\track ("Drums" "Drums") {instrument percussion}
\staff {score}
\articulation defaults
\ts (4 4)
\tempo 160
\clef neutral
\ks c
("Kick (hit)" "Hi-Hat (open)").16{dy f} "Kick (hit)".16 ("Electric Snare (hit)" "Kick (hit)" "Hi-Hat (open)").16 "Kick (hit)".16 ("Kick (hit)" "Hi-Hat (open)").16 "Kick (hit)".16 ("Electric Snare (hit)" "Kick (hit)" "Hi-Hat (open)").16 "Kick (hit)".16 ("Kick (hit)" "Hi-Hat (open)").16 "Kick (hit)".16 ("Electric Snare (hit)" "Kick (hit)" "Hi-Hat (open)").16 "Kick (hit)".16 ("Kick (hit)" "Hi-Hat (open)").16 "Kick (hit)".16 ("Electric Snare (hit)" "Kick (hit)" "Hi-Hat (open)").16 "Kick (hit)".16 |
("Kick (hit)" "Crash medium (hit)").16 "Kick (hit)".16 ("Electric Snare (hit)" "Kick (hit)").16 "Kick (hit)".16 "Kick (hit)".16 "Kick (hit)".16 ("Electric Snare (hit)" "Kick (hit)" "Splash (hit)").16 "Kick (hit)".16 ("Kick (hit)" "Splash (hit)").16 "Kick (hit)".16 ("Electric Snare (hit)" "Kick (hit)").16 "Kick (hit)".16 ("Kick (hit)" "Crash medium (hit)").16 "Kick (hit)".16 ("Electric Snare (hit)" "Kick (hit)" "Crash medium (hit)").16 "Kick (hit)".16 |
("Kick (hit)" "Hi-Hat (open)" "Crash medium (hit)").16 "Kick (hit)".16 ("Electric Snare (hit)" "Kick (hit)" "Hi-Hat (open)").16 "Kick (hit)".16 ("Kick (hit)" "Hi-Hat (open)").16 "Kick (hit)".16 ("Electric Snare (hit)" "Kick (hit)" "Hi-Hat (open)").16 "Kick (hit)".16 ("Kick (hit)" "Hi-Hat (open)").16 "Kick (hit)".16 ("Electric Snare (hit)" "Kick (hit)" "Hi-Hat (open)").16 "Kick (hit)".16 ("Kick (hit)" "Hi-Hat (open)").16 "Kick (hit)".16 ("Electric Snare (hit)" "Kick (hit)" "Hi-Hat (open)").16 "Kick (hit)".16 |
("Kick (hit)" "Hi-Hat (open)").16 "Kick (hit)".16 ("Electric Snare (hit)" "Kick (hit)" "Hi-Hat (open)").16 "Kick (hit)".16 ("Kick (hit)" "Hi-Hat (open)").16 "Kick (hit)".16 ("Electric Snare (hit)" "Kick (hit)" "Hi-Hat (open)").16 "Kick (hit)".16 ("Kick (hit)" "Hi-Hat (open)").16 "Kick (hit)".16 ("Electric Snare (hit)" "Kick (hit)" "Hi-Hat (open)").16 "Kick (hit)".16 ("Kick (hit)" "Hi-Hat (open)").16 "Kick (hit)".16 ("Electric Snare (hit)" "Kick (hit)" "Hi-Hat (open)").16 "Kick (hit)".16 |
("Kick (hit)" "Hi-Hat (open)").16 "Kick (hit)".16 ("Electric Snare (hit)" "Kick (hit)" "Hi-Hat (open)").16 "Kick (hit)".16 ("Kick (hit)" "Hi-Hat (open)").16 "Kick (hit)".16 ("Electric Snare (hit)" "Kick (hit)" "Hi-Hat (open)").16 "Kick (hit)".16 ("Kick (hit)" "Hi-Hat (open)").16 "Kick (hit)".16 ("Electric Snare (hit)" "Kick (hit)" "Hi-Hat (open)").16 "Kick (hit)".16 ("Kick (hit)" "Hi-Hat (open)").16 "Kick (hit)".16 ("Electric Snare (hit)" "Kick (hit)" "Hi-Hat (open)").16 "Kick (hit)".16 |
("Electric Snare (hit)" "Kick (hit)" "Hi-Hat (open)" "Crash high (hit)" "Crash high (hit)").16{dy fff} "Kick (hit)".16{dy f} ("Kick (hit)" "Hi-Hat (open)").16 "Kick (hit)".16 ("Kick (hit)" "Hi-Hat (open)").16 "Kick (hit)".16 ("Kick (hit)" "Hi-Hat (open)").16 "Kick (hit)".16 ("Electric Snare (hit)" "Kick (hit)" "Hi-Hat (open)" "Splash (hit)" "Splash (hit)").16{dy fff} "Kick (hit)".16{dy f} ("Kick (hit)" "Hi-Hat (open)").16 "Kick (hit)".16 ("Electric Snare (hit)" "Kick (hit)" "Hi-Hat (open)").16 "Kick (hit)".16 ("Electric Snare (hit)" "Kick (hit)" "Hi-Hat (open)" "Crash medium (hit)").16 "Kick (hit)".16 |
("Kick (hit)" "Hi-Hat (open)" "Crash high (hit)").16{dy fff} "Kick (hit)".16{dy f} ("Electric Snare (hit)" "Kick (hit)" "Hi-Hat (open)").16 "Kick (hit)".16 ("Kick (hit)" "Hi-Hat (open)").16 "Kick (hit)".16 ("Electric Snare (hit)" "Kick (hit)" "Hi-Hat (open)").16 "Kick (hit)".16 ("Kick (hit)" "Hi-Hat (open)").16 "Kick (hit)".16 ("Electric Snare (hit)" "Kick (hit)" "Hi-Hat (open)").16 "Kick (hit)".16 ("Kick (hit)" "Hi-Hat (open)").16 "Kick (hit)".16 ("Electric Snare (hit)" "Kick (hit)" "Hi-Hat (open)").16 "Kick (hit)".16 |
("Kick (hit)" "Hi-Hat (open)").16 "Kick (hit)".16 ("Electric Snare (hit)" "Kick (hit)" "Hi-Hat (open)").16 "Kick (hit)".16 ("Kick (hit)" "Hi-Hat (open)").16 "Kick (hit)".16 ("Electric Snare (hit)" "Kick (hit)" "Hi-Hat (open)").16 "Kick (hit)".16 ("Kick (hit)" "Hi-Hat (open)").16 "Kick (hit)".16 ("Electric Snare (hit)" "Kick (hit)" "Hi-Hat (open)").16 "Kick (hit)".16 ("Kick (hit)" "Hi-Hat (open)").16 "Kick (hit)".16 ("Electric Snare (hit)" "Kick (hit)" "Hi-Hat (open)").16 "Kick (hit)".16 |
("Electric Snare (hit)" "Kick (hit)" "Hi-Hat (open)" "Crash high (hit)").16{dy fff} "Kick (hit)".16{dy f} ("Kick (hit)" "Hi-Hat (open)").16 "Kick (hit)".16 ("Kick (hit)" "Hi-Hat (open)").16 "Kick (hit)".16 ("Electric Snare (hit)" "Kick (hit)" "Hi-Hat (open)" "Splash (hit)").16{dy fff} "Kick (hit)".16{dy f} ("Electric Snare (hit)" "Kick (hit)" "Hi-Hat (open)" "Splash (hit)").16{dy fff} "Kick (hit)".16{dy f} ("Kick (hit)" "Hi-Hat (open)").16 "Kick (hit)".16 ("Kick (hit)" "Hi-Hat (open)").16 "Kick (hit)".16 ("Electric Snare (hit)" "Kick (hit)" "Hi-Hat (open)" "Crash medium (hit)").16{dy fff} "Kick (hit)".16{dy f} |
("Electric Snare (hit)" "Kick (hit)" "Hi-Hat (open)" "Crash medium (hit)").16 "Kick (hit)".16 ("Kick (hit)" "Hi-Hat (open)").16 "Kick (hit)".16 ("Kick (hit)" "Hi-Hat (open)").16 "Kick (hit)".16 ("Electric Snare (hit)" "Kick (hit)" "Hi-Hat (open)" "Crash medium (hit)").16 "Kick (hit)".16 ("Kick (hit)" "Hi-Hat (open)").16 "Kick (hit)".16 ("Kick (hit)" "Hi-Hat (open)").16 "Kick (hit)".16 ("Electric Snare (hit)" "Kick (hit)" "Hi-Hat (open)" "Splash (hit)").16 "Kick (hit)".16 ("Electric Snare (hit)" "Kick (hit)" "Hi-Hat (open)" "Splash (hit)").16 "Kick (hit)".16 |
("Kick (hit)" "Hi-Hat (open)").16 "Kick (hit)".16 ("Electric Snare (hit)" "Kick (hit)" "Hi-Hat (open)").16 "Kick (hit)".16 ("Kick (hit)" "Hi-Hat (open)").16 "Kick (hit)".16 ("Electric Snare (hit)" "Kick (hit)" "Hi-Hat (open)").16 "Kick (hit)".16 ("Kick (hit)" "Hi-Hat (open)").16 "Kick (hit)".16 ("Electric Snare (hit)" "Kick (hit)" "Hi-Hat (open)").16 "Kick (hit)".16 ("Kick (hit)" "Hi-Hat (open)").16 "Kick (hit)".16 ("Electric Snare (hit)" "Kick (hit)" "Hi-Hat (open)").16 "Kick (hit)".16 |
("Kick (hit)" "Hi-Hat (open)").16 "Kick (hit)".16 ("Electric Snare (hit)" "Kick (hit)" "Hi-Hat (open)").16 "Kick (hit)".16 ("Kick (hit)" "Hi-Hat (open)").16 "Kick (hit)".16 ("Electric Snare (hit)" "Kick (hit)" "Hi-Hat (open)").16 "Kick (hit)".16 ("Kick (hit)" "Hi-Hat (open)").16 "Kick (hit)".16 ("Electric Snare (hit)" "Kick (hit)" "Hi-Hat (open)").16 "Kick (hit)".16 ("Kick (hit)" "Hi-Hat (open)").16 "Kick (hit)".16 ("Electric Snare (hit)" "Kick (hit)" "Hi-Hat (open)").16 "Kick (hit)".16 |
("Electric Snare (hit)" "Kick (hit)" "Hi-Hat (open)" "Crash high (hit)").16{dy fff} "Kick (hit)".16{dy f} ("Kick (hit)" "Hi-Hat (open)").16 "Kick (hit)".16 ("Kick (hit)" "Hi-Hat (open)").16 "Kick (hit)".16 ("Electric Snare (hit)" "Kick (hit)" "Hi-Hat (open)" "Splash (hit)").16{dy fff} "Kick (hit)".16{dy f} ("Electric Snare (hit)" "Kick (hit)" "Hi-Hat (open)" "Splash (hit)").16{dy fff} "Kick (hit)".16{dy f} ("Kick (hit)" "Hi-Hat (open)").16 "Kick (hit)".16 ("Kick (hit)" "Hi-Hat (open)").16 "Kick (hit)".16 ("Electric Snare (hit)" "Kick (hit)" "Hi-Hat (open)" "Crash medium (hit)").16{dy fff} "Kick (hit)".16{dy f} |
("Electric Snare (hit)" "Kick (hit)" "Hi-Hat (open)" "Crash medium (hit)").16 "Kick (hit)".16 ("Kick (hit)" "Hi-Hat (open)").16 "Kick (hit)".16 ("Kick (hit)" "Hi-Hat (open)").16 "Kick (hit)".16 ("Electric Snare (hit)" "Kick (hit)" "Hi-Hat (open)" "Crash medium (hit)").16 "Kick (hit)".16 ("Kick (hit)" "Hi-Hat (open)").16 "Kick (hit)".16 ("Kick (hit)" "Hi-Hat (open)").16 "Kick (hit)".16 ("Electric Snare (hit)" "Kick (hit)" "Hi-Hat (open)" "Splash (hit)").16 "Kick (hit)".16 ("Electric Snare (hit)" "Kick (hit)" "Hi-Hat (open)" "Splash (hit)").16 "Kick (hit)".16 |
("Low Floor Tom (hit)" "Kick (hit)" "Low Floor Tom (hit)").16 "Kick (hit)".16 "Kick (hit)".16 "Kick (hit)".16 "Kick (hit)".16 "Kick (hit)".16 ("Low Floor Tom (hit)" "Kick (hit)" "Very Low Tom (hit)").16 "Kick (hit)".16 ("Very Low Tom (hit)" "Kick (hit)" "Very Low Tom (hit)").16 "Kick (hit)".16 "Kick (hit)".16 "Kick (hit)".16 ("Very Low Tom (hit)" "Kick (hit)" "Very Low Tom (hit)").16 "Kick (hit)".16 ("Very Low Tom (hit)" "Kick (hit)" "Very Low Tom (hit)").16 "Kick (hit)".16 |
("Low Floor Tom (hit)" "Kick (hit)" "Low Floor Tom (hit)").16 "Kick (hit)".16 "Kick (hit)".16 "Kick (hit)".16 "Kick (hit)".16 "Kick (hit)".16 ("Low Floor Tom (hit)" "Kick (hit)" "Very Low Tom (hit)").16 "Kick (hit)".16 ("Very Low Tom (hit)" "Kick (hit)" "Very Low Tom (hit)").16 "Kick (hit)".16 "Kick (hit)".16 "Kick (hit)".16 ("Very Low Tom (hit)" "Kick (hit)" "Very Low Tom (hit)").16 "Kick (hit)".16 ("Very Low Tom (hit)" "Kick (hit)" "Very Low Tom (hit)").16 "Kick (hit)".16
____________
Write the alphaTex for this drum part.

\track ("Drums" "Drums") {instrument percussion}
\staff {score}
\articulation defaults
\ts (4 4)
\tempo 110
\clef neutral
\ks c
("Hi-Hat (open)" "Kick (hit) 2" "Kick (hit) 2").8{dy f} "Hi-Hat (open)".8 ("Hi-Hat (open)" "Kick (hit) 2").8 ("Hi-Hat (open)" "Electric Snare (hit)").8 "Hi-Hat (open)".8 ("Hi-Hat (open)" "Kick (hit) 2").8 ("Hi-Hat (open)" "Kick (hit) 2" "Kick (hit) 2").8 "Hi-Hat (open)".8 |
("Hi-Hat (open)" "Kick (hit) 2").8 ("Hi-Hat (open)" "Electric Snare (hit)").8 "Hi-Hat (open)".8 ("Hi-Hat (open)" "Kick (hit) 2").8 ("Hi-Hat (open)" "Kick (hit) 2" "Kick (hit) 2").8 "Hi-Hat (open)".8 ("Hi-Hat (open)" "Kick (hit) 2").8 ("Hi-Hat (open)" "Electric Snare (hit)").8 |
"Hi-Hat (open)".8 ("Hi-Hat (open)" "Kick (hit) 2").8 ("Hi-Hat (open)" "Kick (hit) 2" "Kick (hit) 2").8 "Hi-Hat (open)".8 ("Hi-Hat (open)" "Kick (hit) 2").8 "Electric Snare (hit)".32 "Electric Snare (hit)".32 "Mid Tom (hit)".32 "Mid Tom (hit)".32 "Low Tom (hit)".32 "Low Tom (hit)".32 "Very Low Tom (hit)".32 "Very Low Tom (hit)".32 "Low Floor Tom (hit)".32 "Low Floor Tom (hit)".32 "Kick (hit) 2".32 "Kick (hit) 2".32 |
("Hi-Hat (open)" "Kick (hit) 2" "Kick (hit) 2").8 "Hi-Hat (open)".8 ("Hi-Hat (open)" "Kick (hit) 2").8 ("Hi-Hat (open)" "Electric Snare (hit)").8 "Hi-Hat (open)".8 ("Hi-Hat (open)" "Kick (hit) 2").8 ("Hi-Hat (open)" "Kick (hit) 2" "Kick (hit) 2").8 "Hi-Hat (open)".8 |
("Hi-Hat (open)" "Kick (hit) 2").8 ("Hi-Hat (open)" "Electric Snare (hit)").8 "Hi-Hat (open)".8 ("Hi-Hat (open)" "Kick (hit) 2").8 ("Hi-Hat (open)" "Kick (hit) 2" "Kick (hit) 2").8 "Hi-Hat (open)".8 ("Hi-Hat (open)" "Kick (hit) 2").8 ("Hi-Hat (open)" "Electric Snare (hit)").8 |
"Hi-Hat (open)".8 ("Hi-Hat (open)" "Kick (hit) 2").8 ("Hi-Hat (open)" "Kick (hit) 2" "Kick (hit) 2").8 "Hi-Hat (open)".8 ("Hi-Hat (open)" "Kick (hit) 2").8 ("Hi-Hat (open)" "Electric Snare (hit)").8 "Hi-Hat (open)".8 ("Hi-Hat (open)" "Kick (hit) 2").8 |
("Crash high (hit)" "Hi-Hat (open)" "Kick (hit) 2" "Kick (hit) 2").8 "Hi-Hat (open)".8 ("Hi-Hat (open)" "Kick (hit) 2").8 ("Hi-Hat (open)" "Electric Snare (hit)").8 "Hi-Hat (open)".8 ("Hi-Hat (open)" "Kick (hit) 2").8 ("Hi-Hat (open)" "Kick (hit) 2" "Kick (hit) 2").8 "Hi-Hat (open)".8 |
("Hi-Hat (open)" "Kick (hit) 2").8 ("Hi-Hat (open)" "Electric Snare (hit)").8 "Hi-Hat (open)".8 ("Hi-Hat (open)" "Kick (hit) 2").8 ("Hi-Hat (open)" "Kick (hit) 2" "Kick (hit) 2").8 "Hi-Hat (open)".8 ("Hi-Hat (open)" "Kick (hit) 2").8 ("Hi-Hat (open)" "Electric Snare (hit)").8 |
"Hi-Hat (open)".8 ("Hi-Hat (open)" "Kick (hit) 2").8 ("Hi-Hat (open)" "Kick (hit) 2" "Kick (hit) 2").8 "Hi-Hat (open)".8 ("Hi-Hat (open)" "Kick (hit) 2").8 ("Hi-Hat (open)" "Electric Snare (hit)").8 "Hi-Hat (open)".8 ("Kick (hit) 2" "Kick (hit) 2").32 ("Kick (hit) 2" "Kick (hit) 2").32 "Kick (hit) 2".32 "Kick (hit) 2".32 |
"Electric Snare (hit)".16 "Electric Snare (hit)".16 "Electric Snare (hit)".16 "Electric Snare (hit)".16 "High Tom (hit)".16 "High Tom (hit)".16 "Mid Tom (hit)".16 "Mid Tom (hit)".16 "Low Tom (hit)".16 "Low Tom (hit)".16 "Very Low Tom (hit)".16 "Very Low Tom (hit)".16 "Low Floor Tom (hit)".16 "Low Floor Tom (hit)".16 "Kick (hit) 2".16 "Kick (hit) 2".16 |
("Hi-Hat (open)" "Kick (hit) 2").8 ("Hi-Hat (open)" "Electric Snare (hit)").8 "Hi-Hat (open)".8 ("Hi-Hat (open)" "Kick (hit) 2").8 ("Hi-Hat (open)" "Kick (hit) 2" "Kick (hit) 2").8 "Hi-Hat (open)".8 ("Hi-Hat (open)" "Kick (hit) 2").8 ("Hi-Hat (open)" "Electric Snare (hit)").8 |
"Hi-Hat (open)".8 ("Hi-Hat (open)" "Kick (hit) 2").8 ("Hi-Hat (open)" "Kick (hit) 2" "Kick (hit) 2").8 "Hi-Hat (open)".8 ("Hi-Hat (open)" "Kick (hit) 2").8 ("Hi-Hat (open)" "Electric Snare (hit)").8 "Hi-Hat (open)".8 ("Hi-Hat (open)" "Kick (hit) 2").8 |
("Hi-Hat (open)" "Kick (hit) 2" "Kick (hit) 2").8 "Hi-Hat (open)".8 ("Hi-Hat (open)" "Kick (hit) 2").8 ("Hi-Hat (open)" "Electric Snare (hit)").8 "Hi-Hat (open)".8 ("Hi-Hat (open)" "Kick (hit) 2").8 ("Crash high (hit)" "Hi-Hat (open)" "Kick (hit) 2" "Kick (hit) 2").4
____________
» **Exercise goal**: If a line of the data contains "Floor", copy it out.

» **Exercise output**:
("Low Floor Tom (hit)" "Kick (hit)" "Low Floor Tom (hit)").16 "Kick (hit)".16 "Kick (hit)".16 "Kick (hit)".16 "Kick (hit)".16 "Kick (hit)".16 ("Low Floor Tom (hit)" "Kick (hit)" "Very Low Tom (hit)").16 "Kick (hit)".16 ("Very Low Tom (hit)" "Kick (hit)" "Very Low Tom (hit)").16 "Kick (hit)".16 "Kick (hit)".16 "Kick (hit)".16 ("Very Low Tom (hit)" "Kick (hit)" "Very Low Tom (hit)").16 "Kick (hit)".16 ("Very Low Tom (hit)" "Kick (hit)" "Very Low Tom (hit)").16 "Kick (hit)".16 |
("Low Floor Tom (hit)" "Kick (hit)" "Low Floor Tom (hit)").16 "Kick (hit)".16 "Kick (hit)".16 "Kick (hit)".16 "Kick (hit)".16 "Kick (hit)".16 ("Low Floor Tom (hit)" "Kick (hit)" "Very Low Tom (hit)").16 "Kick (hit)".16 ("Very Low Tom (hit)" "Kick (hit)" "Very Low Tom (hit)").16 "Kick (hit)".16 "Kick (hit)".16 "Kick (hit)".16 ("Very Low Tom (hit)" "Kick (hit)" "Very Low Tom (hit)").16 "Kick (hit)".16 ("Very Low Tom (hit)" "Kick (hit)" "Very Low Tom (hit)").16 "Kick (hit)".16
"Hi-Hat (open)".8 ("Hi-Hat (open)" "Kick (hit) 2").8 ("Hi-Hat (open)" "Kick (hit) 2" "Kick (hit) 2").8 "Hi-Hat (open)".8 ("Hi-Hat (open)" "Kick (hit) 2").8 "Electric Snare (hit)".32 "Electric Snare (hit)".32 "Mid Tom (hit)".32 "Mid Tom (hit)".32 "Low Tom (hit)".32 "Low Tom (hit)".32 "Very Low Tom (hit)".32 "Very Low Tom (hit)".32 "Low Floor Tom (hit)".32 "Low Floor Tom (hit)".32 "Kick (hit) 2".32 "Kick (hit) 2".32 |
"Electric Snare (hit)".16 "Electric Snare (hit)".16 "Electric Snare (hit)".16 "Electric Snare (hit)".16 "High Tom (hit)".16 "High Tom (hit)".16 "Mid Tom (hit)".16 "Mid Tom (hit)".16 "Low Tom (hit)".16 "Low Tom (hit)".16 "Very Low Tom (hit)".16 "Very Low Tom (hit)".16 "Low Floor Tom (hit)".16 "Low Floor Tom (hit)".16 "Kick (hit) 2".16 "Kick (hit) 2".16 |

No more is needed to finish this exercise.